A similar issue arose in Suit No. 1547/1999, Eastman Collaborator v. S.K. Mehta: 91(2001) DLT 401 where the parties were directed to maintain status quo in the light of the report of the Local Commissioner who had inspected the property to identify the occupation of the premises. Another Local Commissioner was appointed by the Court on an application filed by the Defendant. The Local Commissioner found that changes have been made in the suit premises and gave description of those changes in his report. Noticing that the dispute between the parties was with regard to the possession of the suit property and it was in this context that the Court had passed an order directing the Local Commissioner to visit the disputed premises and identify the occupant of those premises, it was held by this Court that the Court did not intend the suit property to remain as it was and, therefore, status quo was to be maintained only with respect to the possession. It was held that the Defendant was not correct in his contention that no changes could be made in the suit premises.

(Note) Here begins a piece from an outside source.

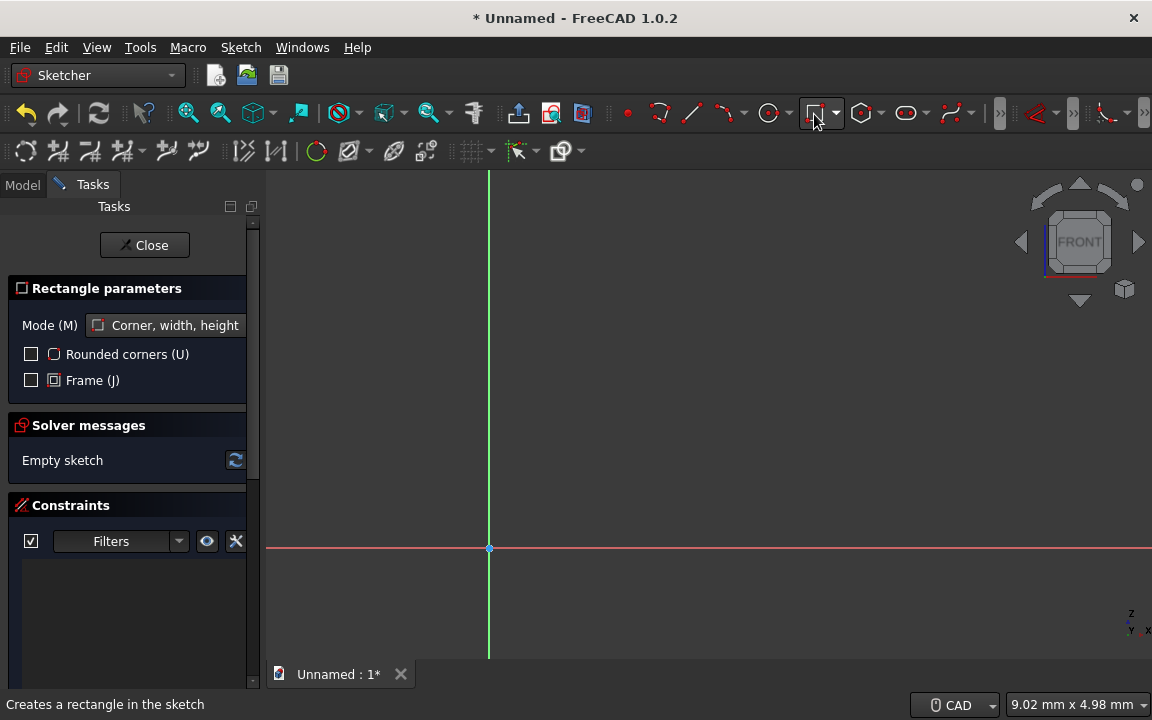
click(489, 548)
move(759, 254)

4. IAs No.8442/2005 and 12914/2008 have been filed by the plaintiff under Order 6 Rule 17 read with Order 1 Rule 10 of CPC. It stated in IA No. 8442/2005 that subsequent to filing of the suit, the plaintiff came to know that part of the property bearing number 18A, Ring Road, Lajpat Nagar-IV, New Delhi has been sold by the defendants during operation of the status quo order against them. The purchaser Smt. Neelam Bhutani is sought to be impleaded as a party to the suit. It is also alleged in the application that the Barsati Floor inclusive two rooms, toilet, terrace garden etc over and above the first floor is generally considered as part and parcel to the first floor as the basement, garden and backyard is considered as part and parcel to the ground floor and the same had always been in possession of the plaintiff from the time she moved to the suit property along with defendant no.1. It is stated that one out of the two garages on the ground floor in the annexe wing and one servant quarter above the garages is generally and normally used by the person occupying the first floor and above and in the present case also one garage and

servant quarter on the second floor above the garage was being used by the plaintiff since the time she occupied the first floor but the defendants have succeeded in taking possession of the servant quarter on the second floor above the garage. The plaintiff, therefore, has sought to add declaration to the title of the suit so as to convert it into a suit for declaration and permanent injunction. She also seeks to add the words "and two small rooms, toilet, bathroom, terrace garden, etc. on second floor/Barsati floor", in para 2 of the plaint. Yet another change sought to be made is in the last line of para 2 of the plaint. The change is also sought to be made in line 8 of para 5 of the plaint. It has been stated in para 5 of the original plaint that the plaintiff and defendant no.1 moved to the first floor of the house bearing number 18A, Lajpat Nagar-IV, Ring Road, New Delhi. The plaintiff wants to add that this was done when the sister of defendant no.1 and her husband moved out of the first floor and barsati floor/second floor of the suit property at the behest of defendants no.2 and 3. Some minor corrections are also sought to be made in para 7 of the plaint. The plaintiff also seeks to add para 12A, para 12B and para 12C. The proposed paragraphs read as under:

"12A. The plaintiff who is the daughter of a veteran labour leader Mr. Madan Lal Didi and Mrs. Sheila Didi who is a respected Barrister and social worker based at Chandigarh. The plaintiff who is a qualified director and producer having done a course of film production from Saint Xavier‟s College, Bombay and having education from West Michigan University and City University in New York, Mt. Molyoke College, MA is holding a Kenyan passport and having person of Indian Origin Card granted by the Govt. of India. If the plaintiff is uprooted

from her matrimonial home, she will not be having any other place to live in‟.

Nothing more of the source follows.